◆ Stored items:

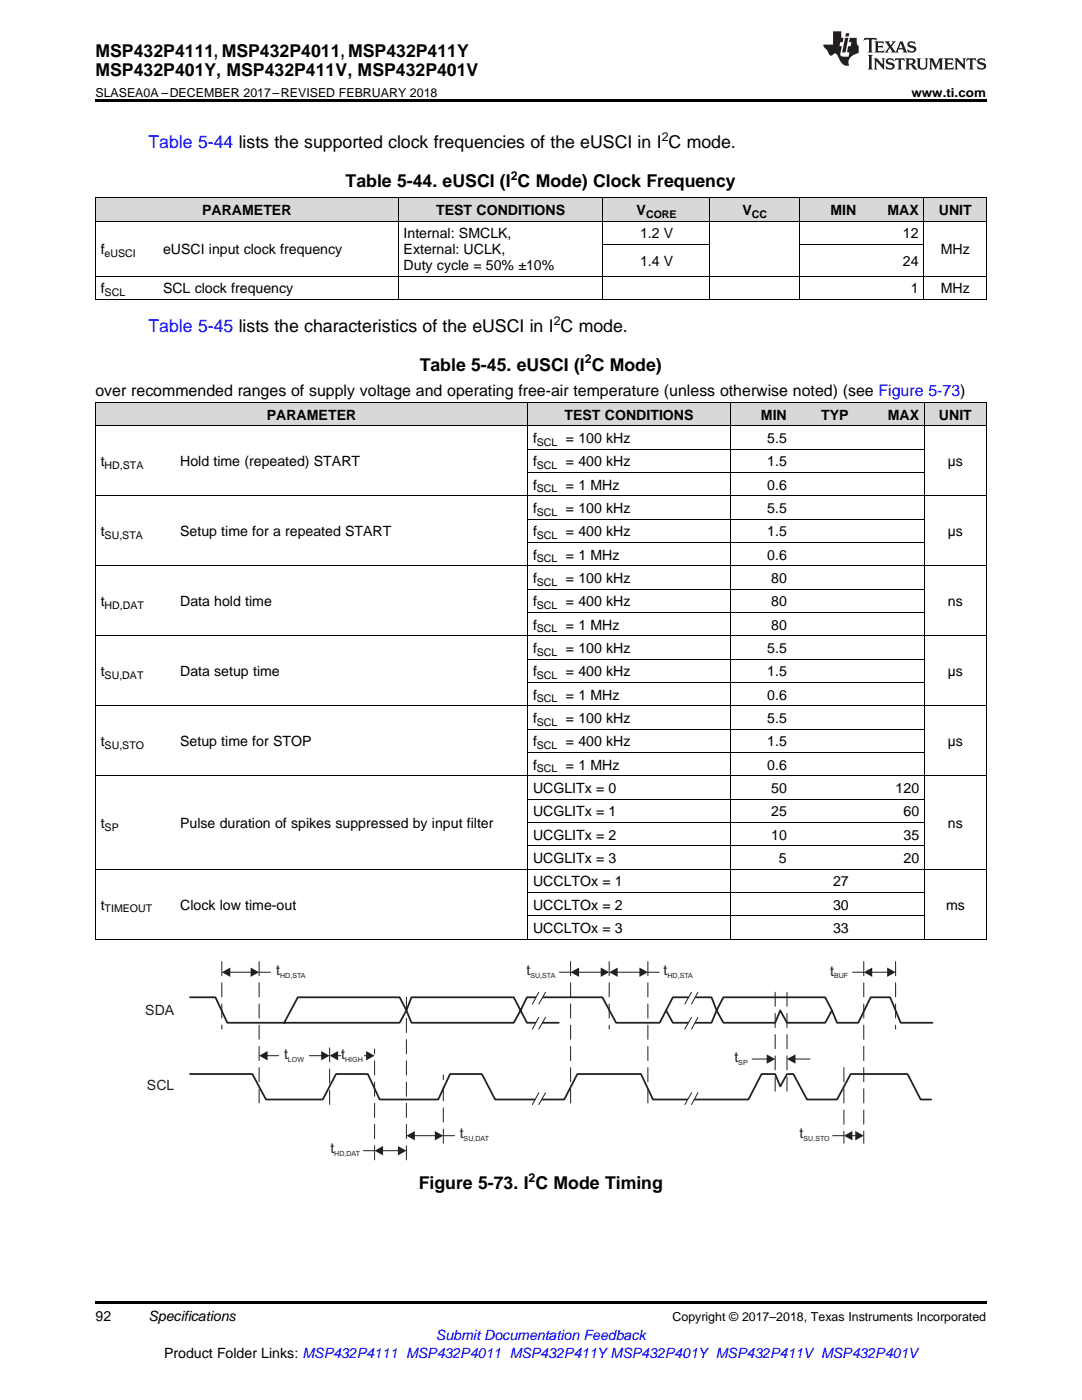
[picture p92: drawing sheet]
<svg xmlns="http://www.w3.org/2000/svg" width="216mm" height="279mm" viewBox="0 0 216 279" stroke-linecap="round" stroke-linejoin="round" font-family="sans-serif">
<defs><g id="words">
<g font-size="3.5">
<text x="19" y="11.3">MSP432P4111, MSP432P4011, MSP432P411Y</text>
<text x="19" y="15.2">MSP432P401Y, MSP432P411V, MSP432P401V</text>
<text x="69" y="37.4">Table 5-44. eUSCI (I C Mode) Clock Frequency</text>
<text x="83.7" y="73.9">Table 5-45. eUSCI (I C Mode)</text>
<text x="83.6" y="237.2">Figure 5-73. I C Mode Timing</text>
</g>
<g font-size="3.5" fill="#00f">
<text x="29.6" y="29.6">Table 5-44 lists the supported clock frequencies of the eUSCI in I C mode.</text>
<text x="29.6" y="66.2">Table 5-45 lists the characteristics of the eUSCI in I C mode.</text>
</g>
<text font-size="3.2" x="19" y="79.1">over recommended ranges of supply voltage and operating free-air temperature (unless otherwise noted) (see Figure 5-73)</text>
<g font-size="2.8">
<text x="40.3" y="42.9">PARAMETER</text>
<text x="80.5" y="47.6">Internal: SMCLK,</text>
<text x="87" y="42.9">TEST CONDITIONS</text>
<text x="127" y="42.9">V</text>
<text x="127.7" y="47.6">1.2 V</text>
<text x="148.1" y="42.9">V</text>
<text x="165.7" y="42.9">MIN</text>
<text x="177.1" y="42.9">MAX</text>
<text x="180.2" y="47.6">12</text>
<text x="187.3" y="42.9">UNIT</text>
<text x="20.1" y="50.7">f</text>
<text x="32.5" y="50.7">eUSCI input clock frequency</text>
<text x="80.5" y="50.7">External: UCLK,</text>
<text x="80.5" y="53.9">Duty cycle = 50% ±10%</text>
<text x="127.7" y="53.1">1.4 V</text>
<text x="180.2" y="53.1">24</text>
<text x="187.7" y="50.7">MHz</text>
<text x="20.1" y="58.6">f</text>
<text x="32.5" y="58.6">SCL clock frequency</text>
<text x="181.8" y="58.6">1</text>
<text x="187.7" y="58.6">MHz</text>
<text x="53.2" y="83.7">PARAMETER</text>
<text x="112.6" y="83.7">TEST CONDITIONS</text>
<text x="151.8" y="83.7">MIN</text>
<text x="163.9" y="83.7">TYP</text>
<text x="177.2" y="83.7">MAX</text>
<text x="187.4" y="83.7">UNIT</text>
<text x="106.4" y="88.4">f</text>
<text x="112.9" y="88.4">= 100 kHz</text>
<text x="153.1" y="88.4">5.5</text>
<text x="20.1" y="93.1">t</text>
<text x="35.9" y="93.1">Hold time (repeated) START</text>
<text x="106.4" y="93.1">f</text>
<text x="112.9" y="93.1">= 400 kHz</text>
<text x="153.1" y="93.1">1.5</text>
<text x="189.1" y="93.1">µs</text>
<text x="106.4" y="97.7">f</text>
<text x="112.9" y="97.7">= 1 MHz</text>
<text x="153.1" y="97.7">0.6</text>
<text x="20.1" y="107">t</text>
<text x="35.9" y="107">Setup time for a repeated START</text>
<text x="106.4" y="102.4">f</text>
<text x="106.4" y="107">f</text>
<text x="112.9" y="102.4">= 100 kHz</text>
<text x="112.9" y="107">= 400 kHz</text>
<text x="153.1" y="102.4">5.5</text>
<text x="153.1" y="107">1.5</text>
<text x="189.1" y="107">µs</text>
<text x="106.4" y="111.7">f</text>
<text x="112.9" y="111.7">= 1 MHz</text>
<text x="153.1" y="111.7">0.6</text>
<text x="106.4" y="116.3">f</text>
<text x="112.9" y="116.3">= 100 kHz</text>
<text x="153.9" y="116.3">80</text>
<text x="20.1" y="121">t</text>
<text x="35.9" y="121">Data hold time</text>
<text x="106.4" y="121">f</text>
<text x="106.4" y="125.7">f</text>
<text x="112.9" y="121">= 400 kHz</text>
<text x="112.9" y="125.7">= 1 MHz</text>
<text x="153.9" y="121">80</text>
<text x="153.9" y="125.7">80</text>
<text x="189.2" y="121">ns</text>
<text x="106.4" y="130.3">f</text>
<text x="112.9" y="130.3">= 100 kHz</text>
<text x="153.1" y="130.3">5.5</text>
<text x="20.1" y="135">t</text>
<text x="35.9" y="135">Data setup time</text>
<text x="106.4" y="135">f</text>
<text x="112.9" y="135">= 400 kHz</text>
<text x="153.1" y="135">1.5</text>
<text x="189.1" y="135">µs</text>
<text x="106.4" y="139.6">f</text>
<text x="112.9" y="139.6">= 1 MHz</text>
<text x="153.1" y="139.6">0.6</text>
<text x="20.1" y="148.9">t</text>
<text x="35.9" y="148.9">Setup time for STOP</text>
<text x="106.4" y="144.3">f</text>
<text x="106.4" y="148.9">f</text>
<text x="112.9" y="144.3">= 100 kHz</text>
<text x="112.9" y="148.9">= 400 kHz</text>
<text x="153.1" y="144.3">5.5</text>
<text x="153.1" y="148.9">1.5</text>
<text x="189.1" y="148.9">µs</text>
<text x="106.4" y="153.6">f</text>
<text x="112.9" y="153.6">= 1 MHz</text>
<text x="153.1" y="153.6">0.6</text>
<text x="106.4" y="158.3">UCGLITx = 0</text>
<text x="153.9" y="158.3">50</text>
<text x="178.7" y="158.3">120</text>
<text x="20.1" y="165.2">t</text>
<text x="35.9" y="165.2">Pulse duration of spikes suppressed by input filter</text>
<text x="106.4" y="162.9">UCGLITx = 1</text>
<text x="106.4" y="167.6">UCGLITx = 2</text>
<text x="153.9" y="162.9">25</text>
<text x="153.9" y="167.6">10</text>
<text x="180.3" y="162.9">60</text>
<text x="180.3" y="167.6">35</text>
<text x="189.2" y="165.2">ns</text>
<text x="106.4" y="172.2">UCGLITx = 3</text>
<text x="155.4" y="172.2">5</text>
<text x="180.3" y="172.2">20</text>
<text x="106.4" y="176.9">UCCLTOx = 1</text>
<text x="166.2" y="176.9">27</text>
<text x="20.1" y="181.5">t</text>
<text x="35.9" y="181.5">Clock low time-out</text>
<text x="106.4" y="181.5">UCCLTOx = 2</text>
<text x="166.2" y="181.5">30</text>
<text x="188.8" y="181.5">ms</text>
<text x="106.4" y="186.2">UCCLTOx = 3</text>
<text x="166.2" y="186.2">33</text>
<text x="19" y="263.6">92</text>
<text x="29.6" y="263.6">Specifications</text>
<text x="32.7" y="270.9">Product Folder Links: MSP432P4111 MSP432P4011 MSP432P411YMSP432P401Y MSP432P411V MSP432P401V</text>
</g>
<g font-size="2.8" fill="#231f20">
<text x="55.1" y="194.6">t</text>
<text x="105" y="194.6">t</text>
<text x="132.4" y="194.6">t</text>
<text x="165.6" y="194.7">t</text>
<text x="29" y="202.5">SDA</text>
<text x="56.7" y="211.3">t</text>
<text x="68.1" y="211.3">t</text>
<text x="146.5" y="212">t</text>
<text x="29.3" y="217.6">SCL</text>
<text x="91.7" y="227.2">t</text>
<text x="159.6" y="227.2">t</text>
<text x="65.9" y="230.2">t</text>
</g>
<text font-size="2.8" fill="#00f" x="87" y="267.4">Submit Documentation Feedback</text>
<g font-size="2.5">
<text x="19" y="19.3">SLASEA0A –DECEMBER 2017–REVISED FEBRUARY 2018</text>
<text x="181.9" y="19.3">www.ti.com</text>
<text x="132" y="28.2">2</text>
<text x="101.9" y="36">2</text>
<text x="110.5" y="64.8">2</text>
<text x="116.7" y="72.5">2</text>
<text x="105.5" y="235.8">2</text>
<text x="134.2" y="263.6">Copyright © 2017–2018, Texas Instruments Incorporated</text>
</g>
<g font-size="2.1">
<text x="128.9" y="43.5">CORE</text>
<text x="150" y="43.5">CC</text>
<text x="20.9" y="51.3">eUSCI</text>
<text x="20.9" y="59.1">SCL</text>
<text x="107.1" y="89">SCL</text>
<text x="20.9" y="93.6">HD,STA</text>
<text x="107.1" y="93.6">SCL</text>
<text x="107.1" y="98.3">SCL</text>
<text x="20.9" y="107.6">SU,STA</text>
<text x="107.1" y="102.9">SCL</text>
<text x="107.1" y="107.6">SCL</text>
<text x="107.1" y="112.3">SCL</text>
<text x="107.1" y="116.9">SCL</text>
<text x="20.9" y="121.6">HD,DAT</text>
<text x="107.1" y="121.6">SCL</text>
<text x="107.1" y="126.2">SCL</text>
<text x="107.1" y="130.9">SCL</text>
<text x="20.9" y="135.5">SU,DAT</text>
<text x="107.1" y="135.5">SCL</text>
<text x="107.1" y="140.2">SCL</text>
<text x="20.9" y="149.5">SU,STO</text>
<text x="107.1" y="144.9">SCL</text>
<text x="107.1" y="149.5">SCL</text>
<text x="107.1" y="154.2">SCL</text>
<text x="20.9" y="165.8">SP</text>
<text x="20.9" y="182.1">TIMEOUT</text>
</g>
<g font-size="1.4" fill="#231f20">
<text x="55.9" y="195.1">HD,STA</text>
<text x="105.8" y="195.1">SU,STA</text>
<text x="133.2" y="195.1">HD,STA</text>
<text x="166.4" y="195.3">BUF</text>
<text x="57.5" y="211.9">LOW</text>
<text x="68.9" y="211.9">HIGH</text>
<text x="147.3" y="212.6">SP</text>
<text x="92.5" y="227.8">SU,DAT</text>
<text x="160.3" y="227.8">SU,STO</text>
<text x="66.7" y="230.8">HD,DAT</text>
</g>
</g></defs>
<g fill="#d8d8d8">
<path d="M19 80.4h15.9v4.6h-15.9z"/>
<path d="M34.9 80.4h70.4v4.6h-70.4z"/>
<path d="M105.3 80.4h40.5v4.6h-40.5z"/>
<path d="M145.8 80.4h12.3v4.6h-12.3z"/>
<path d="M158.1 80.4h12.3v4.6h-12.3z"/>
<path d="M170.4 80.4h14.1v4.6h-14.1z"/>
<path d="M184.5 80.4h12.3v4.6h-12.3z"/>
<path d="M19 39.5h12.5v4.7h-12.5z"/>
<path d="M31.5 39.5h48v4.7h-48z"/>
<path d="M79.5 39.5h40.9v4.7h-40.9z"/>
<path d="M120.4 39.5h21.3v4.7h-21.3z"/>
<path d="M141.7 39.5h17.8v4.7h-17.8z"/>
<path d="M159.5 39.5h12.4v4.7h-12.4z"/>
<path d="M171.9 39.5h12.5v4.7h-12.5z"/>
<path d="M184.4 39.5h12.4v4.7h-12.4z"/>
</g>
<path d="M19 259.7h177.8v.5h-177.8z" fill="#000"/>
<path d="M37.9 199h5.1l2.4 5.1h34.3l1.4-2.4-1.4-2.7h-20.3l-2.7 5.1M37.9 214.4h12.5l2.7 5h11.3l2.6-5h6.4l2.4 5h11.6l2.4-5h6.4l2.6 5h13.8l2.6-5h12.7l2.4 5h19l2.7-5h2.7l1 2.4 1.3-2.4h1.3l2.7 5h6l2.7-5h11.4l2.6 5h2.1M132.9 201.7l1.4 2.4h7.7l1-2.4-1-2.7h-7.7l-2.7 5.1h-8.7l-2.7-5.1h-15.1l-1.2 2.7-1.4-2.7h-20.4l-1 2.7 1 2.4h20.4l1.4-2.4 1.2 2.4h6.4" fill="none" stroke="#231f20" stroke-width=".35"/>
<path d="M44.3 191.9v13.5M51.7 191.9v28.5M74.7 231.5v-22.1M81.1 231.5v-33.6" fill="none" stroke="#231f20" stroke-width=".2" stroke-dasharray="2.8 1.4"/>
<path d="M107.5 198h1.4l-1.4 2.4h-1.3z" fill-rule="evenodd" fill="#fff"/>
<path d="M107.5 198l-1.3 2.4M108.9 198l-1.4 2.4" fill="none" stroke="#231f20" stroke-width=".2"/>
<path d="M107.5 218.1h1.4l-1.4 2.3h-1.3z" fill-rule="evenodd" fill="#fff"/>
<path d="M107.5 218.1l-1.3 2.3M108.9 218.1l-1.4 2.3" fill="none" stroke="#231f20" stroke-width=".2"/>
<path d="M113.9 191.9v28.5M121.6 191.9v13.5M129.3 191.9v28.5M65.8 209.1v11.3" fill="none" stroke="#231f20" stroke-width=".2" stroke-dasharray="2.8 1.4"/>
<path d="M107.5 203h1.4l-1.4 2.4h-1.3z" fill-rule="evenodd" fill="#fff"/>
<path d="M107.5 203l-1.3 2.4M108.9 203l-1.4 2.4" fill="none" stroke="#231f20" stroke-width=".2"/>
<path d="M138 198h1.3l-1.3 2.4h-1.4z" fill-rule="evenodd" fill="#fff"/>
<path d="M138 198l-1.4 2.4M139.3 198l-1.3 2.4" fill="none" stroke="#231f20" stroke-width=".2"/>
<path d="M138 218.1h1.3l-1.3 2.3h-1.4z" fill-rule="evenodd" fill="#fff"/>
<path d="M138 218.1l-1.4 2.3M139.3 218.1l-1.3 2.3" fill="none" stroke="#231f20" stroke-width=".2"/>
<path d="M138 203h1.3l-1.3 2.4h-1.4z" fill-rule="evenodd" fill="#fff"/>
<path d="M53.2 210.7h11M138 203l-1.4 2.4M139.3 203l-1.3 2.4" fill="none" stroke="#231f20" stroke-width=".2"/>
<path d="M144.3 199h20.4l1.3 2.7-1.3 2.4h-7.7l-1.3-2.4-1 2.4h-10.4l-1.3-2.4zM166 201.7l1 2.4h4.3l2.4-5.1h3.9l2.1 5.1h6.4" fill="none" stroke="#231f20" stroke-width=".35"/>
<path d="M154.7 198v20.2M157 198v20.2M172.4 191.9v36.3M178.7 191.9v13.5M168.4 213.1v15.1M88.5 228.2v-13.7" fill="none" stroke="#231f20" stroke-width=".2" stroke-dasharray="2.8 1.4"/>
<g fill="#231f20">
<path d="M51.7 210.7l1.7-.9v1.8z"/>
<path d="M64.1 209.8l1.7 .9-1.7 .9z"/>
</g>
<path d="M67.3 210.7h5.9" fill="none" stroke="#231f20" stroke-width=".2"/>
<g fill="#231f20">
<path d="M65.8 210.7l1.7-.9v1.8z"/>
<path d="M73.1 209.8l1.6 .9-1.6 .9z"/>
</g>
<path d="M76.3 229.6h3.2" fill="none" stroke="#231f20" stroke-width=".2"/>
<g fill="#231f20">
<path d="M74.7 229.6l1.7-.9v1.9z"/>
<path d="M79.4 228.7l1.7 .9-1.7 1z"/>
</g>
<path d="M82.6 226.7h4.3M88.5 226.7h2.2" fill="none" stroke="#231f20" stroke-width=".2"/>
<g fill="#231f20">
<path d="M81.1 226.7l1.7-1v1.9z"/>
<path d="M86.8 225.7l1.7 1-1.7 .9z"/>
</g>
<path d="M45.8 194h4.4" fill="none" stroke="#231f20" stroke-width=".2"/>
<g fill="#231f20">
<path d="M44.3 194l1.7-.9v1.9z"/>
<path d="M50 193.1l1.7 .9-1.7 1z"/>
</g>
<path d="M51.7 194h2.2M173.9 194h3.3M72.5 229.6h2.2" fill="none" stroke="#231f20" stroke-width=".2"/>
<g fill="#231f20">
<path d="M172.4 194l1.6-.9v1.9z"/>
<path d="M177 193.1l1.7 .9-1.7 1z"/>
</g>
<path d="M170.1 194h2.3" fill="none" stroke="#231f20" stroke-width=".2"/>
<g fill="#fff">
<path d="M68 209.1h4.5v3.1h-4.5z" fill-rule="evenodd"/>
<path d="M55.8 209.1h5.9v3.1h-5.9z" fill-rule="evenodd"/>
</g>
<path d="M123.1 194h4.6" fill="none" stroke="#231f20" stroke-width=".2"/>
<g fill="#231f20">
<path d="M121.6 194l1.6-.9v1.9z"/>
<path d="M127.6 193.1l1.7 .9-1.7 1z"/>
</g>
<path d="M115.4 194h4.6M129.3 194h2.2" fill="none" stroke="#231f20" stroke-width=".2"/>
<g fill="#231f20">
<path d="M113.9 194l1.6-.9v1.9z"/>
<path d="M119.9 193.1l1.7 .9-1.7 1z"/>
</g>
<path d="M111.6 194h2.3M150.1 211.4h3" fill="none" stroke="#231f20" stroke-width=".2"/>
<path d="M153 210.4l1.7 1-1.7 .9z" fill="#231f20"/>
<path d="M158.6 211.4h3" fill="none" stroke="#231f20" stroke-width=".2"/>
<path d="M157 211.4l1.7-1v1.9z" fill="#231f20"/>
<path d="M169.9 226.7h.9" fill="none" stroke="#231f20" stroke-width=".2"/>
<g fill="#231f20">
<path d="M168.4 226.7l1.7-1v1.9z"/>
<path d="M170.7 225.7l1.7 1-1.7 .9z"/>
</g>
<path d="M166.2 226.7h2.2" fill="none" stroke="#231f20" stroke-width=".2"/>
<g fill="none" stroke="#000" stroke-width=".2">
<path d="M19 39.5h177.8M19.1 39.5v20.3M79.4 39.5v20.3M120.3 39.5v20.3M141.7 39.5v20.3M159.4 39.5v20.3M184.3 39.5v20.3M196.8 39.5v20.3M19 59.8h177.8M19 55.1h177.8M19 44.1h177.8M120.4 48.8h21.3"/>
<path d="M159.5 48.8h24.9M19 98.9h177.8M19 85h177.8M19 80.3h177.8M19.1 80.4v107.1M105.3 80.4v107.1M105.3 94.3h79.2M105.3 89.6h79.2M145.7 80.4v107.1M184.4 80.4v107.1M196.8 80.4v107.1M19 112.9h177.8"/>
<path d="M105.3 117.6h79.2M105.3 108.2h79.2M105.3 103.6h79.2M19 126.9h177.8M105.3 136.2h79.2M105.3 131.5h79.2M105.3 122.2h79.2M19 154.8h177.8M19 140.8h177.8M105.3 159.5h79.2M105.3 150.2h79.2M105.3 145.5h79.2"/>
<path d="M19 173.4h177.8M105.3 178.1h79.2M105.3 168.8h79.2M105.3 164.1h79.2M19 187.4h177.8M105.3 182.8h79.2"/>
</g>
<path d="M19 19.9h177.8v.5h-177.8z" fill="#000"/>
<g fill="#231f20">
<path d="M172.5 7.6l-.1 .5 .4-.2h.6v.1v2.1l-.2 .4h.9l-.2-.4v-2.1l.1-.1h.5l.5 .2-.2-.5zM174.5 8.3l.2 .3v1.5l-.2 .4h1.8l.2-.6a1.04 1.04 0 0 1-1.3 .2v-.7h.6l.3 .2v-.6l-.3 .2h-.6v-.6l.8-.1 .4 .3-.2-.5zM176.5 8.3l.9 1.1-.9 1.1h.8l-.2-.2 .4-.7 .5 .7-.2 .2h1.5l-.2-.2 .2-.4h.9l.1 .4-.2 .2h1l-.3-.3-.7-1.9h-.5l-.9 2-.8-1 .9-1h-.8l.1 .3-.4 .5-.3-.6 .1-.2zM179.7 8.6l.4 1h-.7zM181.3 8.4a.63 .63 0 0 0-.2 .7 .63 .63 0 0 0 .6 .4l.6 .2 .1 .2a.75 .75 0 0 1-.7 .4 .75 .75 0 0 1-.6-.5l.1 .7 .1-.1a1.11 1.11 0 0 0 1.5-.6 1.13 1.13 0 0 0-1.2-.8l-.1-.4a1.04 1.04 0 0 1 1.2 .2l-.2-.5-.2 .1-.4-.2zM173.2 10.9l.2 .4v2.2l-.2 .4h1l-.3-.4v-2.2l.3-.4zM174.3 11.6l.3 .4v1.5l-.3 .4h.8l-.2-.4v-1.3l1.5 1.7v-1.9l.2-.4h-.7l.2 .4v.9l-1.1-1.3zM177 11.8a.62 .62 0 0 0-.2 .7 .62 .62 0 0 0 .6 .4l.6 .1 .1 .3a.76 .76 0 0 1-.7 .3 .76 .76 0 0 1-.7-.4l.2 .7 .1-.1a1.11 1.11 0 0 0 1.5-.6 1.13 1.13 0 0 0-1.2-.8l-.1-.4a1.04 1.04 0 0 1 1.2 .2l-.2-.6-.2 .1-.5-.1zM178.7 11.6l-.2 .6a.61 .61 0 0 1 .8-.3v1.6l-.2 .4h.9l-.2-.4v-1.6a.63 .63 0 0 1 .7 .3l-.1-.6zM180.6 11.6l.3 .4v1.5l-.3 .4h1l-.2-.2-.1-.8 .6 .2a.76 .76 0 0 0 1.2 .7l-1-1a.58 .58 0 0 0 .6-.5 .58 .58 0 0 0-.5-.6zM181.4 11.9h.1a.45 .45 0 0 1 .5 .1 .45 .45 0 0 1 .1 .5l-.8 .2zM182.9 11.6l.2 .2a2.17 2.17 0 0 0 .3 1.9 .99 .99 0 0 0 1.6-.6v-1.1l.2-.4h-.7l.2 .2a1.92 1.92 0 0 1-.2 1.8 .6 .6 0 0 1-.9-.5v-1.1l.2-.4zM185.4 11.6l.2 .4v1.5l-.2 .4h.7l-.2-.4v-1.4l.8 1.8 .8-1.8v1.4l-.2 .4h.9l-.2-.4v-1.5l.2-.4h-.8l-.6 1.5-.6-1.5zM188.4 11.6l.2 .4v1.5l-.2 .4h1.8l.1-.6a1.04 1.04 0 0 1-1.2 .1v-.6h.5l.4 .2v-.6l-.4 .2h-.5v-.7h.8l.3 .3-.1-.6zM190.5 11.6l.2 .4v1.5l-.2 .4h.7l-.2-.4v-1.3l1.5 1.7v-1.9l.2-.4h-.7l.2 .4v.9l-1.1-1.3zM192.9 11.6l-.1 .6a.61 .61 0 0 1 .7-.3l.1 1.6-.3 .4h1l-.3-.4 .1-1.6a.63 .63 0 0 1 .7 .3l-.1-.6zM195.2 11.8a.62 .62 0 0 0-.2 .7 .62 .62 0 0 0 .6 .4l.6 .1 .1 .3a.76 .76 0 0 1-.7 .3 .76 .76 0 0 1-.6-.4l.1 .7 .1-.1a1.11 1.11 0 0 0 1.6-.6 1.13 1.13 0 0 0-1.3-.8l-.1-.4a1.04 1.04 0 0 1 1.2 .2l-.1-.6-.2 .1-.5-.1z"/>
<path d="M166.2 6.3v2.6h-1.9v.4l.8 .9a.91 .91 0 0 0 1 .8 .56 .56 0 0 1 .5-.3 .56 .56 0 0 1 .5 .3l.4 .8a1.53 1.53 0 0 0 1.9 1.2 1.54 1.54 0 0 1 1-2.1l.9-.3v-1.4a1.52 1.52 0 0 1-.4-1.6h-1.3l-.2 .8h.5l-.2 .8h-.5l-.1 1v.2l.4 .1-.2 .8a1.93 1.93 0 0 1-1.6-.3l.3-1.8h-.5l.2-.8h.4l.2-.8h-.4v-1.3zM168.6 7.6l-.6 2.9h.7l.6-2.9zM168.8 6.6l-.1 .7h.6l.2-.7z"/>
</g>
<use href="#words"/>
</svg>

◆ AIM OF THE TASK: Report each line in the preceding entries that holds the string "repeated".

◆ TASK OUTPUT:
<text x="35.9" y="93.1">Hold time (repeated) START</text>
<text x="35.9" y="107">Setup time for a repeated START</text>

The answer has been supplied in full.